(The input):
Start of Block

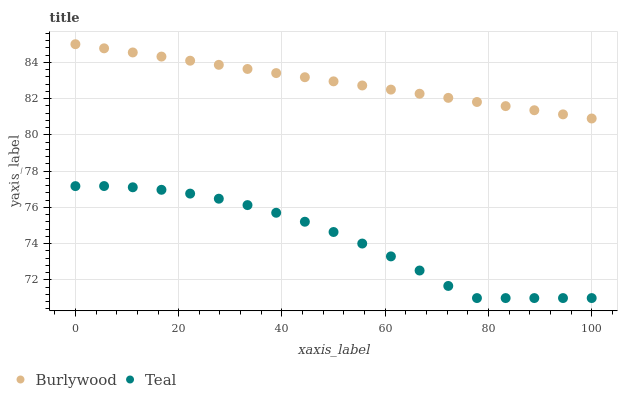Does Teal have the minimum area under the curve?
Answer yes or no. Yes. Does Burlywood have the maximum area under the curve?
Answer yes or no. Yes. Does Teal have the maximum area under the curve?
Answer yes or no. No. Is Burlywood the smoothest?
Answer yes or no. Yes. Is Teal the roughest?
Answer yes or no. Yes. Is Teal the smoothest?
Answer yes or no. No. Does Teal have the lowest value?
Answer yes or no. Yes. Does Burlywood have the highest value?
Answer yes or no. Yes. Does Teal have the highest value?
Answer yes or no. No. Is Teal less than Burlywood?
Answer yes or no. Yes. Is Burlywood greater than Teal?
Answer yes or no. Yes. Does Teal intersect Burlywood?
Answer yes or no. No. 
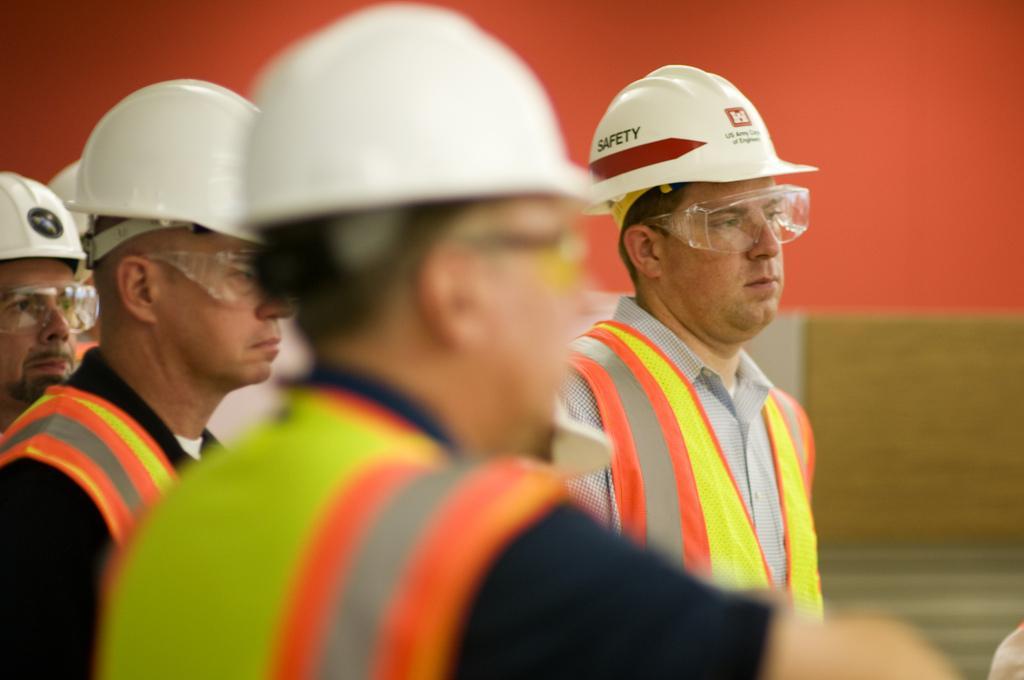Describe this image in one or two sentences. In this picture, there are group of men wearing jackets and white helmets. All of them are staring towards the right. In the background, there is a wall which is in orange and brown. 
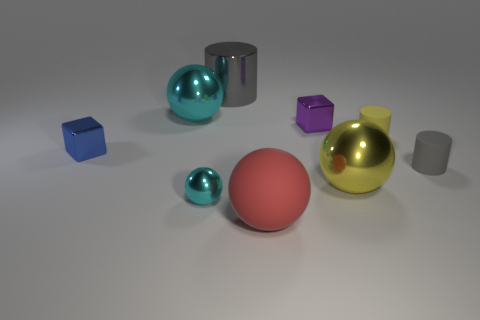Subtract all yellow spheres. How many spheres are left? 3 Subtract all metallic spheres. How many spheres are left? 1 Add 6 metallic cylinders. How many metallic cylinders are left? 7 Add 6 tiny purple shiny cubes. How many tiny purple shiny cubes exist? 7 Subtract 0 red cylinders. How many objects are left? 9 Subtract all blocks. How many objects are left? 7 Subtract all green balls. Subtract all green cubes. How many balls are left? 4 Subtract all small cyan cylinders. Subtract all small matte objects. How many objects are left? 7 
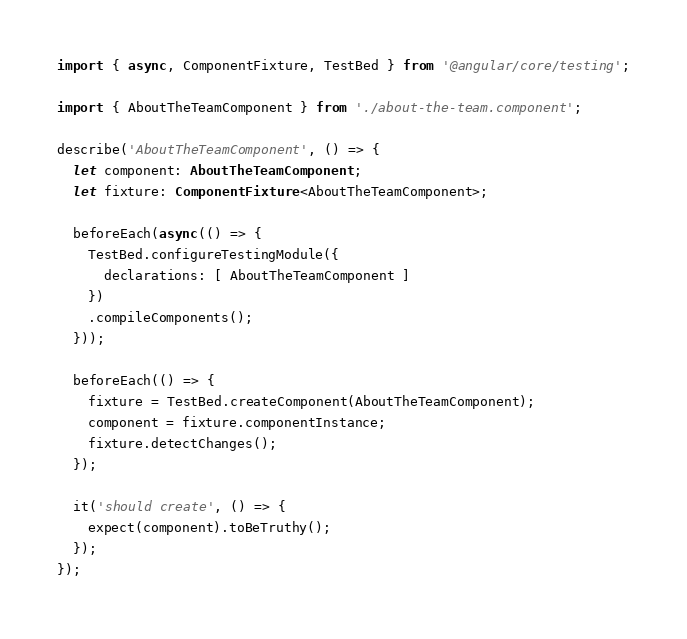<code> <loc_0><loc_0><loc_500><loc_500><_TypeScript_>import { async, ComponentFixture, TestBed } from '@angular/core/testing';

import { AboutTheTeamComponent } from './about-the-team.component';

describe('AboutTheTeamComponent', () => {
  let component: AboutTheTeamComponent;
  let fixture: ComponentFixture<AboutTheTeamComponent>;

  beforeEach(async(() => {
    TestBed.configureTestingModule({
      declarations: [ AboutTheTeamComponent ]
    })
    .compileComponents();
  }));

  beforeEach(() => {
    fixture = TestBed.createComponent(AboutTheTeamComponent);
    component = fixture.componentInstance;
    fixture.detectChanges();
  });

  it('should create', () => {
    expect(component).toBeTruthy();
  });
});
</code> 
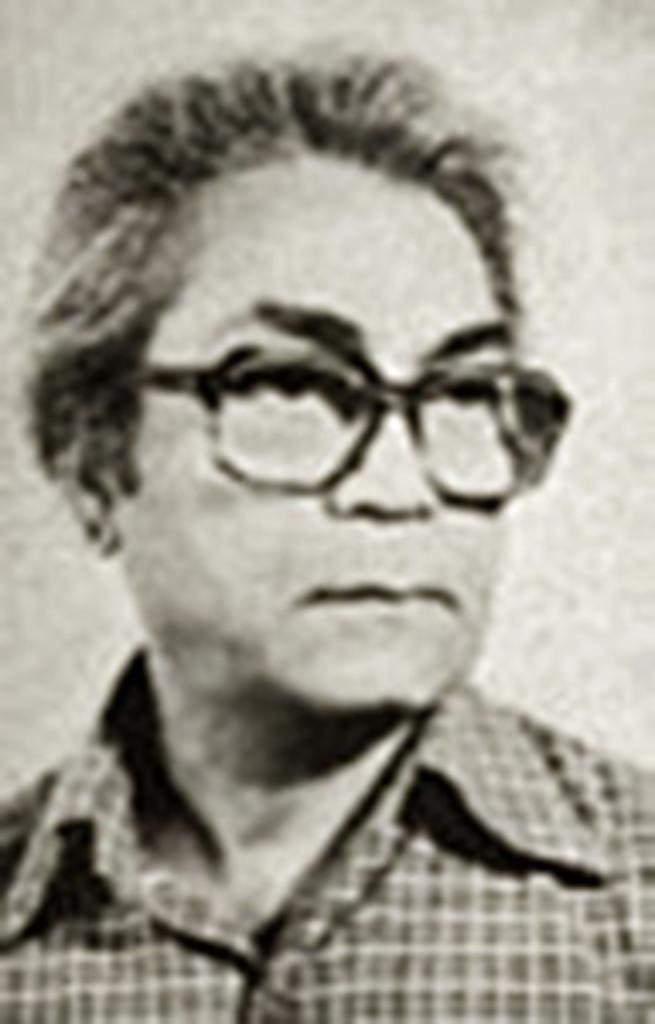What is the main subject of the image? There is a man in the image. How many clocks are visible on the man's property in the image? There is no information about the man's property or any clocks in the image. 
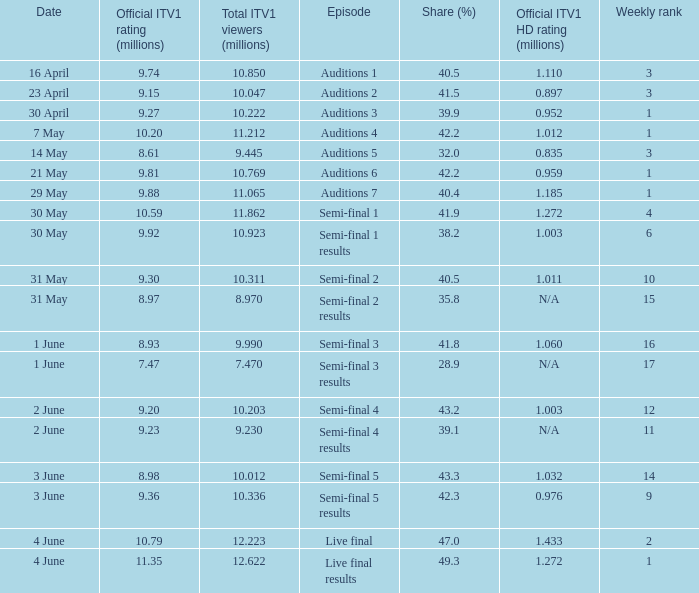When was the episode that had a share (%) of 41.5? 23 April.

End of Block

(Task objective): Each line of the data that holds "Answer" should be reported.

(Result of this task):
Answer yes or no. Yes. Does Burlywood have the maximum area under the curve?
Answer yes or no. Yes. Does Teal have the maximum area under the curve?
Answer yes or no. No. Is Burlywood the smoothest?
Answer yes or no. Yes. Is Teal the roughest?
Answer yes or no. Yes. Is Teal the smoothest?
Answer yes or no. No. Does Teal have the lowest value?
Answer yes or no. Yes. Does Burlywood have the highest value?
Answer yes or no. Yes. Does Teal have the highest value?
Answer yes or no. No. Is Teal less than Burlywood?
Answer yes or no. Yes. Is Burlywood greater than Teal?
Answer yes or no. Yes. Does Teal intersect Burlywood?
Answer yes or no. No. 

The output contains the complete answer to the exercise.